In Jesus’ exhausted state, He offers the woman mercy and grace. He approaches the woman and speaks with her in His first act of mercy. She was astonished and shocked because for years, she had been treated as subhuman due to the place she was born and then her sinful lifestyle, but Jesus addressed her humanity. The woman did not know how to respond, but Jesus reveals His divinity to her regardless of societal position. Similarly, Jesus showed us grace and mercy by coming to save us while we were still caught in the trappings of sin. The woman doesn’t immediately understand Jesus’ requests or statements, but Jesus doesn’t retract the benefit due to her misunderstanding. He offers her mercy and invites her into the Kingdom. Mercy opens the door to the Kingdom of God to us.

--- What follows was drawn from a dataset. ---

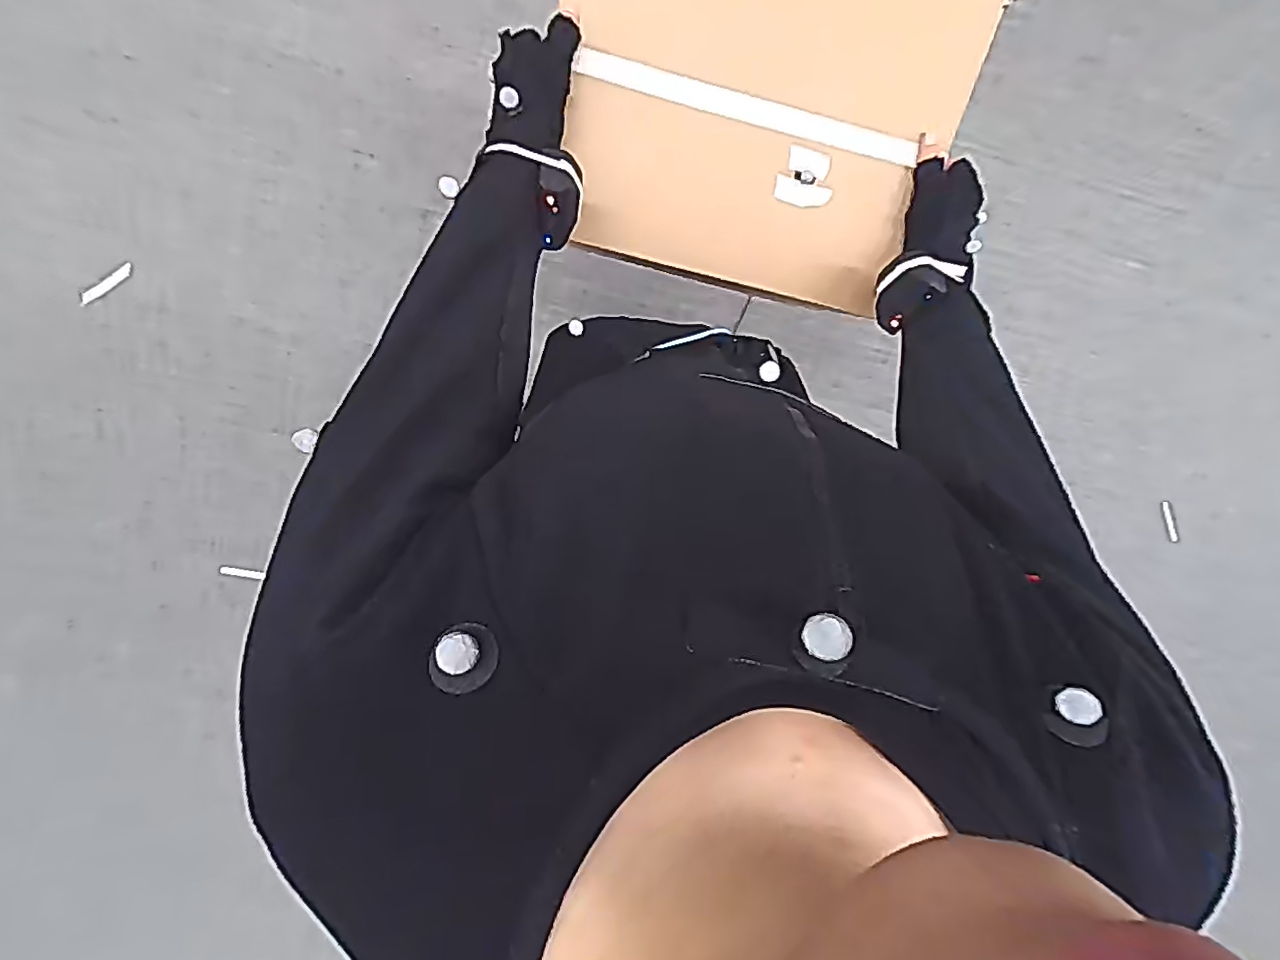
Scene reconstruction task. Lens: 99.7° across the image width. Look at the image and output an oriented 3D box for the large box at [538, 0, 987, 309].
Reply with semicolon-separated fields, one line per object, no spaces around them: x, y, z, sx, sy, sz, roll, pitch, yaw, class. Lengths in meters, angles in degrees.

Just as the door to the Kingdom of God was opened to us through the mercy of Jesus, we need to be merciful with the people that surround us, even those that have harmed us in the past. We are not called to be gatekeepers but rather to help people find their way to the mercy seat of God. Jesus reminds the disciples that they have a task even in their lack of understanding. They are called to bring people before God, sharing with the world the Gospel message. A harvest is waiting, even though they did not plant the crops. God calls His people to answer the message by sharing merciful Grace with everyone, even those that have rejected them. We are both the harvest and the harvesters, and God desires to use us to spread the Gospel to all. Mercy is the invitation, and we must be willing to share mercy indiscriminately.
Jesus providing a merciful offering of grace to the people of Samaria led to a transformation in the community. People that were once shut off from access to God in Jerusalem find freedom and favor in Jesus as they receive life everlasting. We were once shut off from life with God because of sin. However, Jesus’ death and resurrection opened access to the Gospel and transformed life in God’s Kingdom. Those who have received mercy must now share that same mercy with those around us, even if it doesn’t seem like they belong. Through Christ, we now belong and have access to a new life in the Holy Spirit.